◆ **AIM OF THE EXERCISE**:
Once the line with "the structure of</text>" is found in the data, output it and each following line exactly, up to and including the line with "representations of quan-</text>", and nothing before or after.

◆ **RECORDS**:
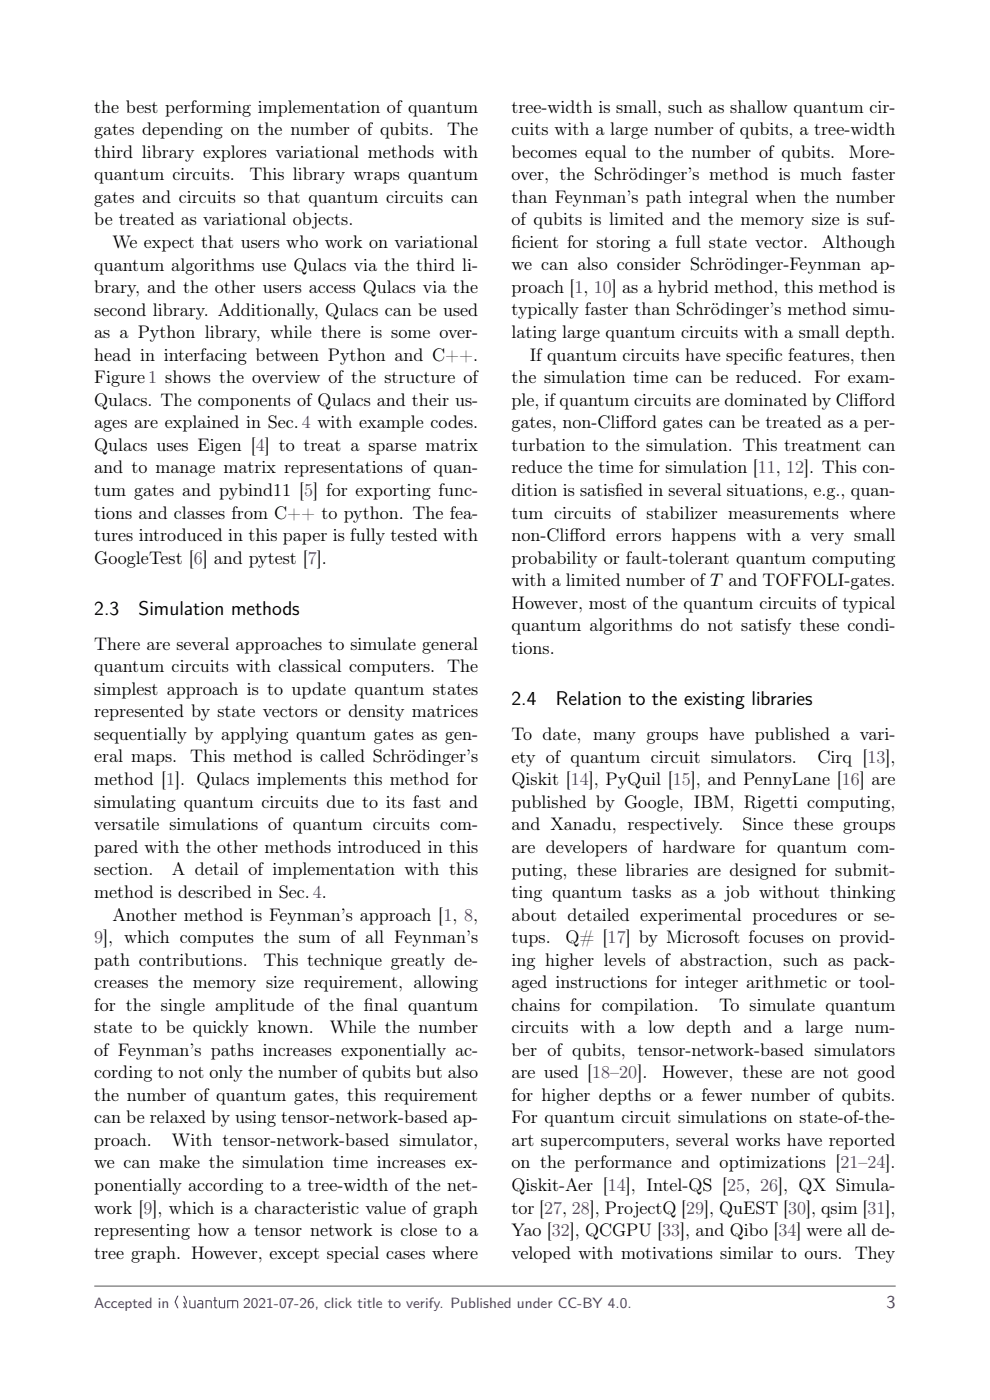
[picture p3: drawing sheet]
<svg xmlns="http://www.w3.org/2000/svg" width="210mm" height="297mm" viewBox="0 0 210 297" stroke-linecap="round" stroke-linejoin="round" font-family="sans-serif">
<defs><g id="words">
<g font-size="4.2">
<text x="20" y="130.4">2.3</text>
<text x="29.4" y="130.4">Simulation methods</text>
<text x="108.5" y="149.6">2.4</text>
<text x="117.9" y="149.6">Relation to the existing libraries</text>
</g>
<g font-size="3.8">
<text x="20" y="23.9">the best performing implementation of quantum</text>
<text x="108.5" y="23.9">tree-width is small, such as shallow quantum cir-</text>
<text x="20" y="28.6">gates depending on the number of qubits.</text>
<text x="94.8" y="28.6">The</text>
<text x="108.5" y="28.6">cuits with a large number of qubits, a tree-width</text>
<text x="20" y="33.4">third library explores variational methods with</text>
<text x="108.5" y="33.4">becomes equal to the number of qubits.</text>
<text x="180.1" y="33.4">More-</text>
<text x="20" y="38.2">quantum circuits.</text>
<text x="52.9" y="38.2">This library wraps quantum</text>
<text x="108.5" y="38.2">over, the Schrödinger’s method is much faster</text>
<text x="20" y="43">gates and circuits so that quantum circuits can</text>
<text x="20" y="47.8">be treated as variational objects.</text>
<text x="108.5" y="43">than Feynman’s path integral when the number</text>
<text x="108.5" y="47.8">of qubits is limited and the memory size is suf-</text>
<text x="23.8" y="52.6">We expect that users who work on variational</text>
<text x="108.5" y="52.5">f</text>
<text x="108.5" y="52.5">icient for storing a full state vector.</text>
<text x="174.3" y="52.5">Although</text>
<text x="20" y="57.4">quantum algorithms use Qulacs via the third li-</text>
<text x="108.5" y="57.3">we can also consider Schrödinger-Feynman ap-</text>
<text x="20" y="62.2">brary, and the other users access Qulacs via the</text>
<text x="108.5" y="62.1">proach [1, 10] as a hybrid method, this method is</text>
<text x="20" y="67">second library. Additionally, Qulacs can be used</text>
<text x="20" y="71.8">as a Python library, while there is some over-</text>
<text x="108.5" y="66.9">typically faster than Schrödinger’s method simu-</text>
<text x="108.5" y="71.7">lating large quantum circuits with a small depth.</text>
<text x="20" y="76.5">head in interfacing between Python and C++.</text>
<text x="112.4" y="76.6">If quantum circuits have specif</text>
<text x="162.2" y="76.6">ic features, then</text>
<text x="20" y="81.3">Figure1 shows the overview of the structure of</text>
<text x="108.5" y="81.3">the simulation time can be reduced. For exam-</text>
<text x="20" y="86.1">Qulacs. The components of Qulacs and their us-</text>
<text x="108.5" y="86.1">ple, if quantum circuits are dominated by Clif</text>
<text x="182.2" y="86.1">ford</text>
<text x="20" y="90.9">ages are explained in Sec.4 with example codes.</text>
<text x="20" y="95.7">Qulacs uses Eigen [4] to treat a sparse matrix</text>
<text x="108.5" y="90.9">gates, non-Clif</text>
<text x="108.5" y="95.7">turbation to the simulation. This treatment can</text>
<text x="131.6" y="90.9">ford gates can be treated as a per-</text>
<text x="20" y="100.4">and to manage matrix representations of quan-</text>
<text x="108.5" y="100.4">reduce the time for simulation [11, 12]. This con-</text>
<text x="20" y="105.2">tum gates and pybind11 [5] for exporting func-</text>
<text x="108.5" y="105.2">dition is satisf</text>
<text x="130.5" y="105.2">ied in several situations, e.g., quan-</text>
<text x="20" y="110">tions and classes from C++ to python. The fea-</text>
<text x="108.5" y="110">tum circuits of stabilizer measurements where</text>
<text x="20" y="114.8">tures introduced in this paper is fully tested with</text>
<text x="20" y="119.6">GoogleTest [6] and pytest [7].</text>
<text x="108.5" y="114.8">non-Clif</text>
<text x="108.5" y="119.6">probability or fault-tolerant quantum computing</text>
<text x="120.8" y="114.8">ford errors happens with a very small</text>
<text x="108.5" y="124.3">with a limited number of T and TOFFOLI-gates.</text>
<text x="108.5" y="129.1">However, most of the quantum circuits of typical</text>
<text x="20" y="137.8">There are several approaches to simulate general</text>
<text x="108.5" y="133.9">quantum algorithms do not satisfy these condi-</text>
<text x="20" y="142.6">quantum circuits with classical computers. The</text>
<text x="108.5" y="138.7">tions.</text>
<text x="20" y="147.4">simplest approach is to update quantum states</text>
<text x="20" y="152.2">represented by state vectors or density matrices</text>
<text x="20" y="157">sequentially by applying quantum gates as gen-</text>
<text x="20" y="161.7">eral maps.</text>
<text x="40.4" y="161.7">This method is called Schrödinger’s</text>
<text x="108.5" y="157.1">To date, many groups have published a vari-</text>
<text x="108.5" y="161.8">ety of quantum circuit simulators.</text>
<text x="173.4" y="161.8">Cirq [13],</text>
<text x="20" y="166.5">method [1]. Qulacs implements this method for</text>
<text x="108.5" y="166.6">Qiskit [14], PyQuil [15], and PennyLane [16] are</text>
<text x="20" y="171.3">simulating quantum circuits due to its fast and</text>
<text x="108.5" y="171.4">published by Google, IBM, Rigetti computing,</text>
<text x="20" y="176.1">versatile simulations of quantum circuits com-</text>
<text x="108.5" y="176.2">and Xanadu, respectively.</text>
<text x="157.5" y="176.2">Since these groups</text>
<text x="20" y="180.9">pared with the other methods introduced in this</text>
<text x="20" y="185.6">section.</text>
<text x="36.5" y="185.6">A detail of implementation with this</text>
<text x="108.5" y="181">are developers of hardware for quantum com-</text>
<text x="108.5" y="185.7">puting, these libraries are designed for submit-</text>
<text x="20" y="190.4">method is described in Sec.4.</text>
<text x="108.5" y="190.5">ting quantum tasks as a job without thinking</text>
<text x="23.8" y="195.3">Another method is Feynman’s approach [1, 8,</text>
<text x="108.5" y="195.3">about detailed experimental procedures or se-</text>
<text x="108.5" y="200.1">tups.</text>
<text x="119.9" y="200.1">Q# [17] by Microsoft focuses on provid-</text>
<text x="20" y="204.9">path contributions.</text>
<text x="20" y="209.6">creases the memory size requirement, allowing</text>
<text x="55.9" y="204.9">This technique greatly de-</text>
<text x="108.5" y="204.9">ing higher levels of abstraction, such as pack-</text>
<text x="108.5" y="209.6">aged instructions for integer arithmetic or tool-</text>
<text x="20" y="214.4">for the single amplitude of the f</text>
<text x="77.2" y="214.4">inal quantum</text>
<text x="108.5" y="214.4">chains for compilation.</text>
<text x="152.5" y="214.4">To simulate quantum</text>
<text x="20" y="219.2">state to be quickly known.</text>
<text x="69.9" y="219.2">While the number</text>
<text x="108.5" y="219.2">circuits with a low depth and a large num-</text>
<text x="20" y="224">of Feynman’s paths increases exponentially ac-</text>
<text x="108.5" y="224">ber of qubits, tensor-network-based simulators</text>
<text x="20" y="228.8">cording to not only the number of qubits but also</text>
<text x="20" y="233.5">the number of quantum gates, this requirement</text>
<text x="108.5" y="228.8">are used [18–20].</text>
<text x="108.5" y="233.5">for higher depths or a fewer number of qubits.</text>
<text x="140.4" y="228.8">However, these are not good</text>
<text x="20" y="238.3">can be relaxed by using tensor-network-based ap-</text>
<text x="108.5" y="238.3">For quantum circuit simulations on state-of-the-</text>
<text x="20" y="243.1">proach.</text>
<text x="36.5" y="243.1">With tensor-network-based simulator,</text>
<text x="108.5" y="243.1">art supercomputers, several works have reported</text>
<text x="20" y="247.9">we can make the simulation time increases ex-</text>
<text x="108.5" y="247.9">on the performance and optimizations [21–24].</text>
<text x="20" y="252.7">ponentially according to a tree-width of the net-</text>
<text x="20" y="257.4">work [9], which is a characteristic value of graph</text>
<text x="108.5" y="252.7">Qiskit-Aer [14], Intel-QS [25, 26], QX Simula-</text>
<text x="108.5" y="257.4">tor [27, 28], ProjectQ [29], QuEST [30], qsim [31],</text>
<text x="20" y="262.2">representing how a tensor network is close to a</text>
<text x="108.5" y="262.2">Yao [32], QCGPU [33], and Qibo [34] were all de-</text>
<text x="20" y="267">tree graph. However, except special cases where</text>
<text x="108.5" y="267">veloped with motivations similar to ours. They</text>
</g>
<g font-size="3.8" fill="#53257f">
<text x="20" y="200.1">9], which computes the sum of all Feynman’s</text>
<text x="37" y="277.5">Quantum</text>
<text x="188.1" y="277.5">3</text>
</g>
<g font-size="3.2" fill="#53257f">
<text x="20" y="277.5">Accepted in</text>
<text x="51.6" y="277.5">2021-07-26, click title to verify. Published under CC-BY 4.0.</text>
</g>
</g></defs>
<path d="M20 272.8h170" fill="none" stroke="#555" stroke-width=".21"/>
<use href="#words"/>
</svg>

◆ **TASK OUTPUT**:
<text x="20" y="81.3">Figure1 shows the overview of the structure of</text>
<text x="108.5" y="81.3">the simulation time can be reduced. For exam-</text>
<text x="20" y="86.1">Qulacs. The components of Qulacs and their us-</text>
<text x="108.5" y="86.1">ple, if quantum circuits are dominated by Clif</text>
<text x="182.2" y="86.1">ford</text>
<text x="20" y="90.9">ages are explained in Sec.4 with example codes.</text>
<text x="20" y="95.7">Qulacs uses Eigen [4] to treat a sparse matrix</text>
<text x="108.5" y="90.9">gates, non-Clif</text>
<text x="108.5" y="95.7">turbation to the simulation. This treatment can</text>
<text x="131.6" y="90.9">ford gates can be treated as a per-</text>
<text x="20" y="100.4">and to manage matrix representations of quan-</text>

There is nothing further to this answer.